Entries supplied Block Start
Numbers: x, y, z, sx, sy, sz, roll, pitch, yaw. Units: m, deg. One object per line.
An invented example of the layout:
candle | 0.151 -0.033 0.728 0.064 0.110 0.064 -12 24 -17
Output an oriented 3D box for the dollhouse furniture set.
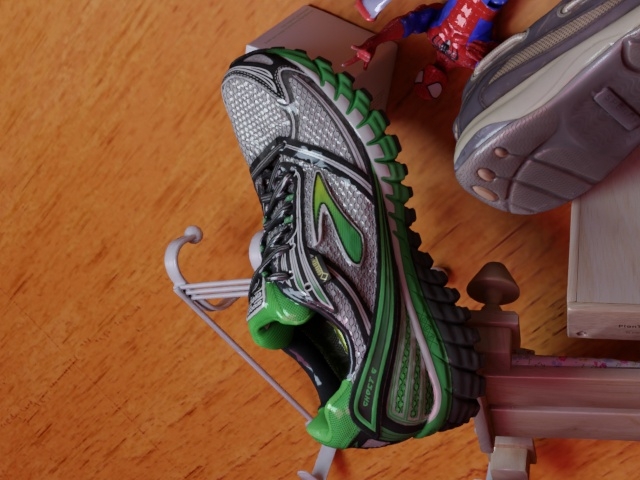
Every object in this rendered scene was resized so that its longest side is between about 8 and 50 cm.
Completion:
dollhouse furniture set | 0.283 0.069 1.270 0.303 0.174 0.355 2 150 12

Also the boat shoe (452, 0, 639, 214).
boat shoe | 0.236 -0.160 1.083 0.355 0.130 0.132 -31 137 22

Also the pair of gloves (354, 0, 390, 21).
pair of gloves | 0.065 -0.273 1.152 0.159 0.023 0.198 -41 49 34

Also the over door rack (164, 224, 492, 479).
over door rack | 0.024 0.102 1.458 0.239 0.108 0.324 -4 129 39

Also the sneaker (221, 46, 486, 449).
sneaker | 0.000 0.000 1.178 0.344 0.146 0.134 65 151 17

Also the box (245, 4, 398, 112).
box | -0.003 -0.135 1.312 0.102 0.101 0.087 27 131 19

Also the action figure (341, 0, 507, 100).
action figure | 0.118 -0.198 1.164 0.091 0.139 0.280 39 136 12
Entries supplied Block End
● Activity
In the records above, find every line that contains the word "object" and copy it.

● Output of the exercise
Numbers: x, y, z, sx, sy, sz, roll, pitch, yaw. Units: m, deg. One object per line.
Every object in this rendered scene was resized so that its longest side is between about 8 and 50 cm.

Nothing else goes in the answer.